A oportunidade não é supor que computadores quânticos vão substituir GPUs ou mudar a IA do dia para a noite. Ela está nas camadas que estão nascendo: fabricação de chips, sistemas híbridos, hardware de controle e cibersegurança pós-quântica.
O tema vale monitorar, mas a parte investível é seletiva e o risco está no preço. Se ações ligadas à quântica embutirem no preço um mercado totalmente pronto antes de o hardware estar pronto, a tese fica frágil.
Para quem já tem exposição à infraestrutura de IA, o mais prático não é correr atrás de cada manchete sobre quântica. É entender onde a exposição à quântica já existe na carteira e se ela é intencional.
Toque para Perguntas Frequentes
Qual é a ligação entre computação quântica e IA?
A computação quântica não substitui a IA, mas pode virar parte da infraestrutura que a sustenta. A IA pode ajudar a melhorar sistemas quânticos com correção de erros e design do sistema, enquanto processadores quânticos podem, no futuro, apoiar tarefas específicas que são difíceis para computadores comuns.
Computadores quânticos vão substituir GPUs?

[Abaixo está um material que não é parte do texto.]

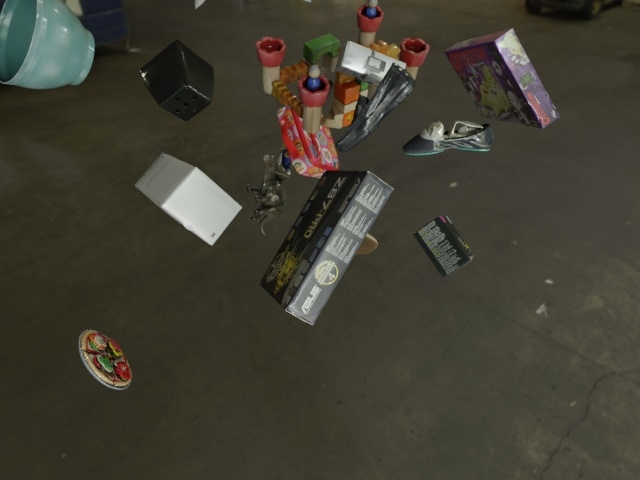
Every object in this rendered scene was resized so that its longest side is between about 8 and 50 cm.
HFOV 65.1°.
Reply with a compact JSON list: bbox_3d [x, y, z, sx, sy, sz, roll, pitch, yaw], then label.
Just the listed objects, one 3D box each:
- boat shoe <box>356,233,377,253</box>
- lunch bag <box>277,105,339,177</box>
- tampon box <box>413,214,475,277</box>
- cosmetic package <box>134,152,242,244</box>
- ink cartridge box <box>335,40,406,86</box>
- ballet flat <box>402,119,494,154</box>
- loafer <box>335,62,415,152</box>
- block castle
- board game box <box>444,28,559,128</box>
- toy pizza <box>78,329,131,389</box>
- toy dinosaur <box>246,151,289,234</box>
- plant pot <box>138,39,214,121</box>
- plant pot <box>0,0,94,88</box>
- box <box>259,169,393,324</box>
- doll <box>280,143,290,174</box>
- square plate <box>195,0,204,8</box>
[{"bbox_3d":[0.083,-0.035,1.853,0.302,0.109,0.098,18,42,-28],"label":"boat shoe"},{"bbox_3d":[-0.059,-0.393,1.947,0.120,0.293,0.258,-25,-14,31],"label":"lunch bag"},{"bbox_3d":[0.377,0.015,1.523,0.161,0.101,0.120,57,21,9],"label":"tampon box"},{"bbox_3d":[-0.420,-0.137,1.556,0.155,0.197,0.365,-52,36,-9],"label":"cosmetic package"},{"bbox_3d":[0.118,-0.425,1.227,0.150,0.063,0.109,18,10,-11],"label":"ink cartridge box"},{"bbox_3d":[0.286,-0.235,1.124,0.203,0.074,0.074,-2,34,3],"label":"ballet flat"},{"bbox_3d":[0.108,-0.287,1.101,0.078,0.223,0.076,44,18,-1],"label":"loafer"},{"bbox_3d":[0.068,-0.534,1.486,0.453,0.213,0.303,-28,61,-23],"label":"block castle"},{"bbox_3d":[0.399,-0.365,1.146,0.056,0.208,0.347,-31,16,7],"label":"board game box"},{"bbox_3d":[-0.605,0.333,1.430,0.032,0.201,0.201,-36,39,1],"label":"toy pizza"},{"bbox_3d":[-0.178,-0.146,1.825,0.160,0.314,0.121,-20,34,-25],"label":"toy dinosaur"},{"bbox_3d":[-0.475,-0.526,1.711,0.187,0.188,0.167,-29,64,20],"label":"plant pot"},{"bbox_3d":[-0.798,-0.572,1.475,0.293,0.293,0.196,29,11,37],"label":"plant pot"},{"bbox_3d":[0.000,0.000,1.346,0.097,0.395,0.318,32,-3,-22],"label":"box"},{"bbox_3d":[-0.146,-0.342,2.148,0.046,0.189,0.129,-14,79,-11],"label":"doll"},{"bbox_3d":[-0.330,-0.939,1.499,0.049,0.348,0.344,3,-9,-20],"label":"square plate"}]

Não no curto prazo. GPUs continuam sendo o principal hardware para treinar e usar IA. Computadores quânticos fazem mais sentido em problemas específicos, como otimização (buscar a melhor opção), simulação (modelagem), criptografia (proteção de dados) e algumas tarefas científicas.
Por que cibersegurança pós-quântica é importante agora?

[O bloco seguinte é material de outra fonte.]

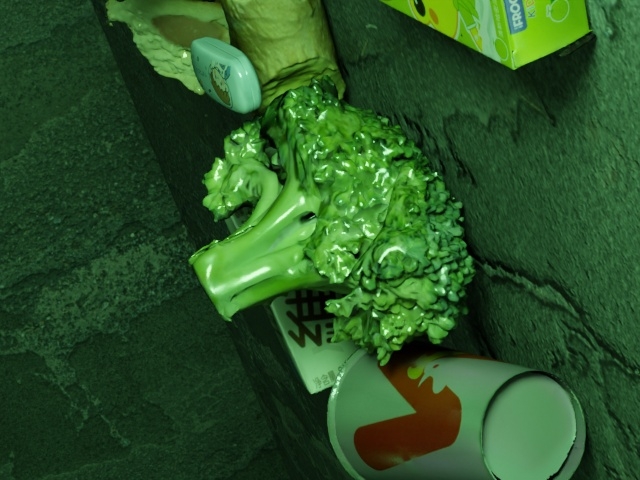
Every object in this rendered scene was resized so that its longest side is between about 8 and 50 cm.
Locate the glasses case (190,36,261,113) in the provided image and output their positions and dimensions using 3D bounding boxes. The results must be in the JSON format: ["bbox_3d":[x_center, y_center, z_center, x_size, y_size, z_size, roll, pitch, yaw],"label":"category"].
[{"bbox_3d":[-0.114,-0.199,1.688,0.178,0.045,0.067,36,143,60],"label":"glasses case"}]

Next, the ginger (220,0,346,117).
[{"bbox_3d":[-0.059,-0.262,1.748,0.276,0.130,0.221,108,138,-69],"label":"ginger"}]

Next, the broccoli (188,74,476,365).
[{"bbox_3d":[0.012,-0.015,1.620,0.277,0.317,0.338,78,-171,-60],"label":"broccoli"}]

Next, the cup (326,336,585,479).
[{"bbox_3d":[0.158,0.203,1.586,0.288,0.203,0.203,-3,112,63],"label":"cup"}]

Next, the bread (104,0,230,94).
[{"bbox_3d":[-0.192,-0.309,2.011,0.184,0.211,0.224,92,156,-51],"label":"bread"}]

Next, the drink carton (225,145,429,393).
[{"bbox_3d":[0.002,0.021,1.861,0.325,0.194,0.132,65,172,-5],"label":"drink carton"}]

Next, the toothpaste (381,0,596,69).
[{"bbox_3d":[0.101,-0.246,1.182,0.327,0.077,0.110,42,154,55],"label":"toothpaste"}]

As empresas se preparam porque dados sensíveis roubados hoje podem ser “destravados” depois, se computadores quânticos muito potentes ficarem disponíveis. Os padrões do NIST de 2024 (um órgão dos EUA que define padrões técnicos) dão um caminho mais claro para atualizar a criptografia antes que o risco vire urgente.
Onde está a oportunidade de investimento no curto prazo?

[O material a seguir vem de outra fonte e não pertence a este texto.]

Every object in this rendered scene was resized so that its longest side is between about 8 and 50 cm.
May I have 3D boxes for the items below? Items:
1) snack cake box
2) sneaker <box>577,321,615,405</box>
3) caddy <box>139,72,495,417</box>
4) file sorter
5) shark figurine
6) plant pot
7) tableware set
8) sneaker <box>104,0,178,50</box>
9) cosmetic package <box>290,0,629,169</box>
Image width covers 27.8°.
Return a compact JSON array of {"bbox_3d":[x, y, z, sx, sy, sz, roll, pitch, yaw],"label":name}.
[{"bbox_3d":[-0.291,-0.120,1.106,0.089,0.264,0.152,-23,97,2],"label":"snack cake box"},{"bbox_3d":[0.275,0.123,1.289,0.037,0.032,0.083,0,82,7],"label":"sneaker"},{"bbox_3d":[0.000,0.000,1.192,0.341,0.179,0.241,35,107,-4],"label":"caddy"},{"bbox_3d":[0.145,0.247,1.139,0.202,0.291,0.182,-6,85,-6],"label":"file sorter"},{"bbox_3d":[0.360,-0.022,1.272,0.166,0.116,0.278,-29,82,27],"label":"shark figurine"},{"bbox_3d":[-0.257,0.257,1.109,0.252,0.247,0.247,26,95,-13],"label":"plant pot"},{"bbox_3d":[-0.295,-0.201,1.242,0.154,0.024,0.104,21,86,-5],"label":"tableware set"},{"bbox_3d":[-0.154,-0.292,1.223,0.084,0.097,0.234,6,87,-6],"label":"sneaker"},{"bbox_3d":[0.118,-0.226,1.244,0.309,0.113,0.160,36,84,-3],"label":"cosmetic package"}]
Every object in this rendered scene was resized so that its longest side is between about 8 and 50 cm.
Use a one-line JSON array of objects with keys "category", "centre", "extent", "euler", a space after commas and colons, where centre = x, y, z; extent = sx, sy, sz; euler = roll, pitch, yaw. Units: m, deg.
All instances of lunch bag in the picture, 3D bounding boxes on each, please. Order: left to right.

A oportunidade mais clara no curto prazo está nas camadas ao redor da computação quântica, não necessariamente no hardware quântico puro. Isso inclui cibersegurança, sistemas híbridos quântico-clássicos, infraestrutura de semicondutores (fabricantes de chips) e hardware de controle. Saiba mais sobre negociação de CFDs de ações na VT Markets aqui. (CFD é um contrato para negociar a variação do preço, sem comprar a ação diretamente.)
Qual é o maior risco no tema de computação quântica?
O principal risco é o tempo. O avanço do hardware é real, mas sistemas quânticos em escala comercial ainda dependem de etapas técnicas difíceis. O preço das ações pode ficar frágil se o mercado apostar em grandes avanços antes de a tecnologia estar pronta.